After, he worked his way to the opposite side, and into the trees. He spent a few hours scouting the area, working out his best pathway, noting a few hazards and hiding places. In a glade another couple hundred metres from the clearing a small spring burbled away happily.
Tom hadn’t heard any pursuit from the orcs since his ambush, but he figured they must be on his trail again. He felt he had some time up his sleeve though, and for his next plan to work, he had to wait here anyway, so he set to gathering as many long, straight branches as he could replace.
He selected ten of the sturdiest and discarded the rest. He whittled an end of each of them into a crude point, then cross-hatched a groove into the point, about an inch deep. It made them a rough spear of the kind that boys sometimes used to spear fish in the river at Wayrest. Tom was hoping to spear much bigger fish than them, though.
Tom spent the next hour turning out his pocket. He found a flat rock, and ground every poisonous thing he had gathered over the last several weeks into a paste. He left the rock out in the sun next to the pool that the spring formed and took the opportunity to clean himself.
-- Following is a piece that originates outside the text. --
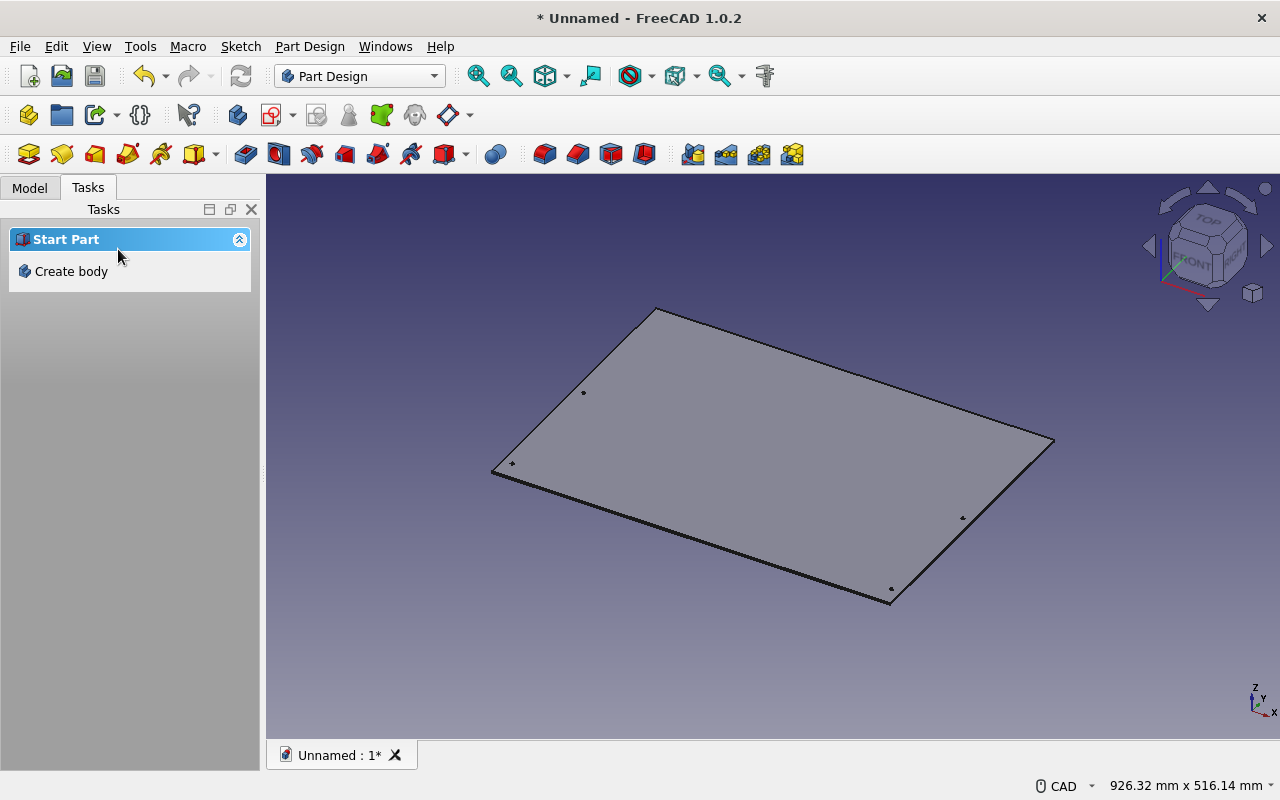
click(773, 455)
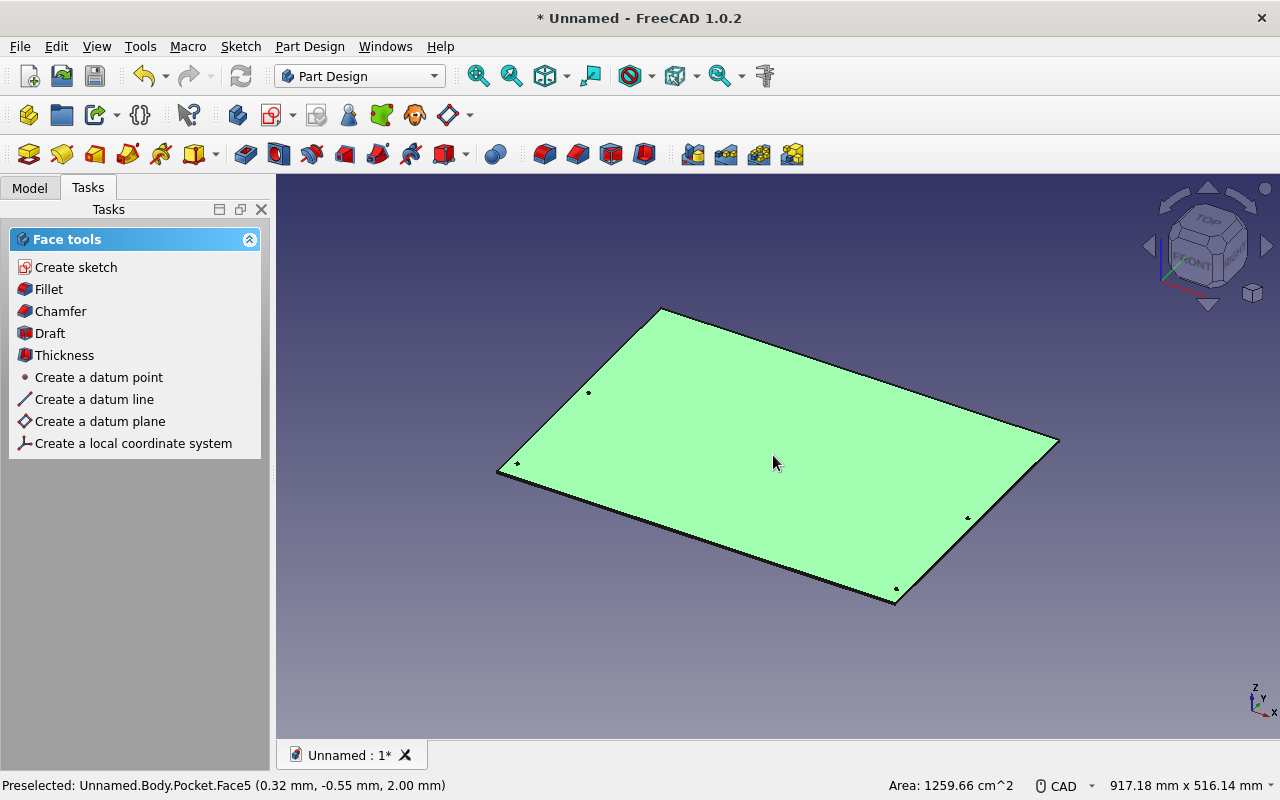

As he stripped off his clothes, he noticed something with a shock. Solid black lines, a quarter-inch thick, curving in whorls, flowing and curling, ending in jagged tips like teeth, and starting again, climbed from his left foot to his hip.
My ritual tattoo! Tom concluded. I completely forgot.
Doesn’t look awful, he thought, twisting his leg back and forth to look at it.
Whenever an Idealist manifested a ritual skill, they always got an accompanying tattoo. It was where the ritual form was summoned from and subsumed into, whether that was a familiar or spell or item. To activate them, they first had to be fed their ritual components. From then, they could be summoned or subsumed back into the tattoo as many times as the caster liked, but if the ritual form was fully disrupted, say by a familiar being killed, or a spellform or weapon being broken, the ritual components would need to be fed to the tattoo again. If the limb was lost, or the tattoo damaged, it would slowly crawl onto an undamaged part of the body, restoring functionality.
Tom felt wonderful after bathing in the pool. It was the first time in two months he’d been this clean. Before he put his clothes back on, he wrapped a scrap of cloth around his hand and scooped up the almost-dry paste. Another quarter hour, and he had crammed it all into the notches at the top of each spear. Then, he swam to the bottom of the pool, half again as deep as he was tall, and wedged them into the silty bottom as best he could.
Tom had absolutely no idea how soluble the paste he made was. No idea how quickly it would wash away. No idea if the spears would stay wedged where they were. No idea if his timing would prove anywhere near close enough. But he had nothing better to do for the moment, and another orc or two injured or possibly killed was better than none.
He unpicked the animal hide stitched to the back of the breastplate he’d taken from the orc while he waited to dry. The crude bag contained some rope, a handful of dried meat, which he had already eaten, and a waterskin, which he refilled. Some other animal bones and unidentifiable tufts or fur he’d already discarded. There were also a handful of glimmering gem-like stones. They were soft, almost oily looking, in yellows and browns and greens, with a scattering of others. Essences, though from what type of creatures, or of which elements, he couldn’t say. Not of any use to him at the moment, but he kept them anyway.
Once done and dry, Tom dressed himself, buckling on his sword and strapping on his breastplate. It was a little too big, but he felt safer for it all the same. That done, he wound the rope around his waist and searched out three big stones from around the spring, the largest he could comfortably throw.
Then he returned to the clearing to wait.